I've got two (possibility infinite) lists [a] and [b]. I would like to construct a (possibly infinite) list containing all pairs [(a, b)], each exactly once. This seems like it ought to be right up Haskell's alley, but I'm stuck.
I started with the classic diagonalization of the rationals:
pairs :: [a] -> [b] -> [(a, b)]
pairs x y =
let diag (lhs, rhs) = zip lhs $ reverse rhs
in concatMap diag $ zip (inits x) (inits y)
This works by "enumerating the diagonals:" it takes an initial subsequence of (say) length 4 from both lists, reverses one of them, and zips them together. Repeat for all initial subsequences of all lengths, and concatenating all the results. This works when both lists are infinite.
However this fails if either list is finite.

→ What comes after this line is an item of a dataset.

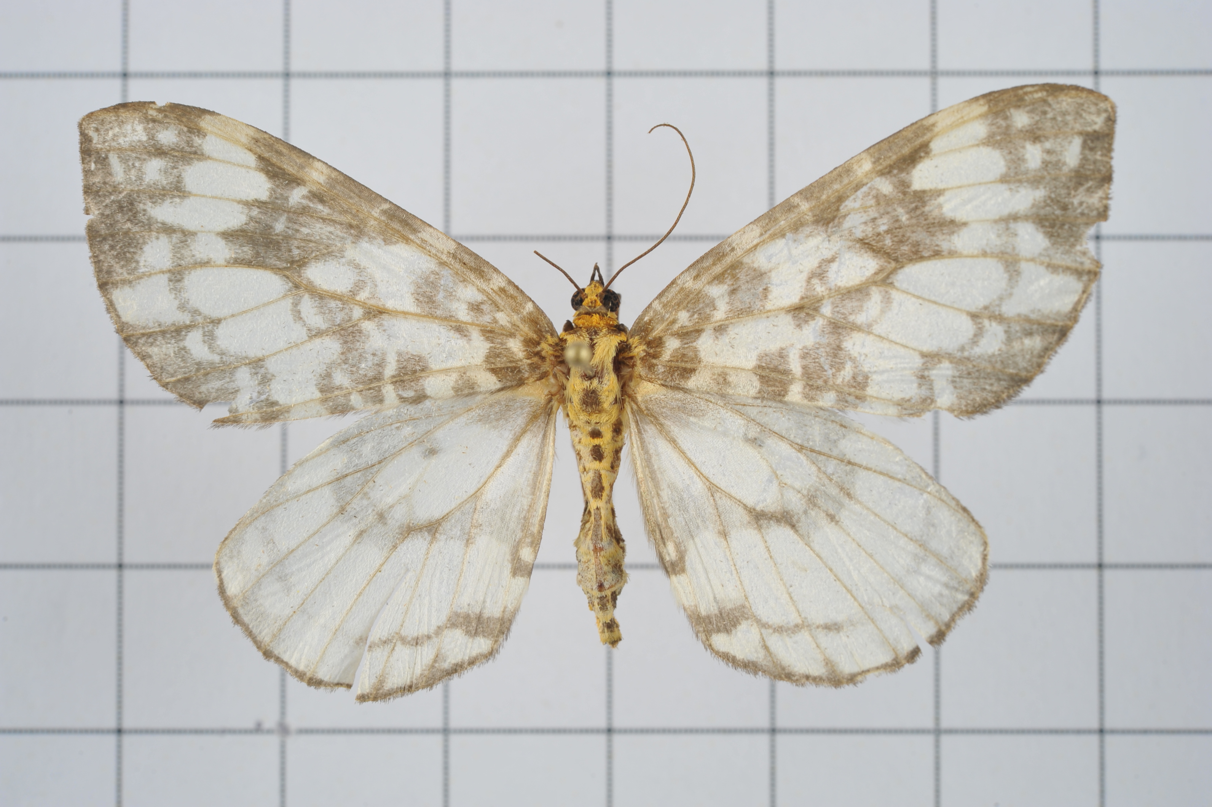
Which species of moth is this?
Gandaritis subalba

The problem is that we stop once we reach the longest diagonal, so the lower-right triangular half of the grid is not enumerated. e.g. inits [1, 2] results in [[1], [1, 2], [2, 1]], and we never enumerate the value (2, 2).

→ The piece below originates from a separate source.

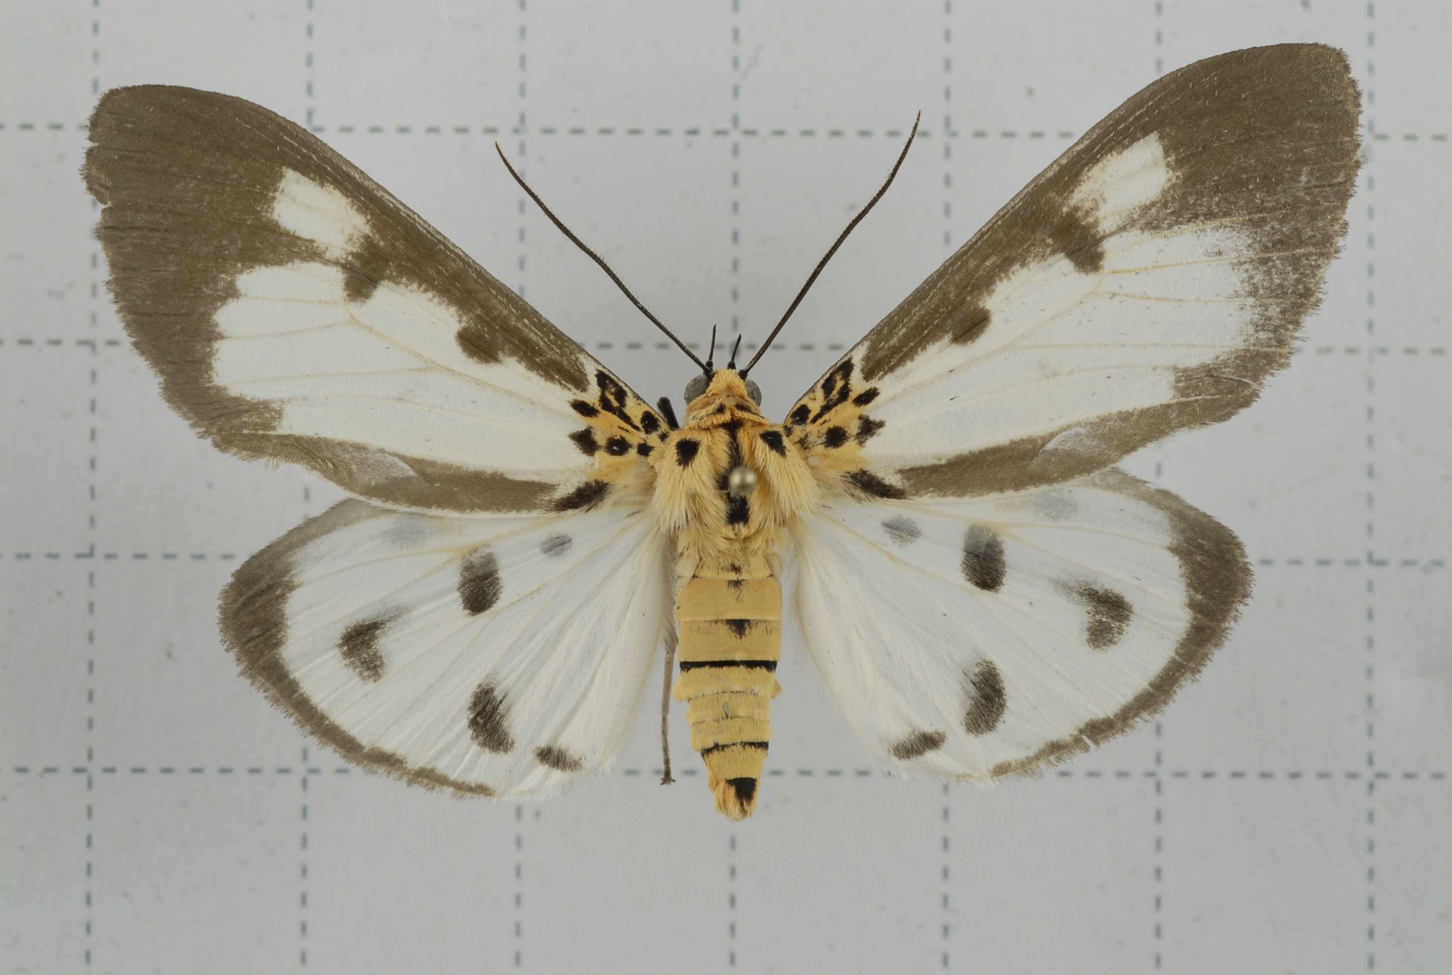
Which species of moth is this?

So I blurted out a function to generate both forwards and backwards diagonals:
inits_bidir :: [a] -> [[a]]
inits_bidir [] = []
inits_bidir x =
let forwards = tail $ inits x -- skip empty
backwards = map reverse $ (tail . reverse . tail . inits . reverse) x
in forwards ++ backwards
pairs :: [a] -> [b] -> [(a, b)]
pairs x y =
let diag (lhs, rhs) = zip lhs $ reverse rhs
in concatMap diag $ zip (inits_bidir x) (inits_bidir y)
example:
> inits_bidir [1..3]
[[1],[1,2],[1,2,3],[2,3],[3]]
Now this works if both lists are the same length (possibly infinite). But it fails if one list is longer than the other, because we're still enumerating the diagonals of a square, but our matrix is rectangular.
Before I dig myself in even deeper, is there a better way to go about this?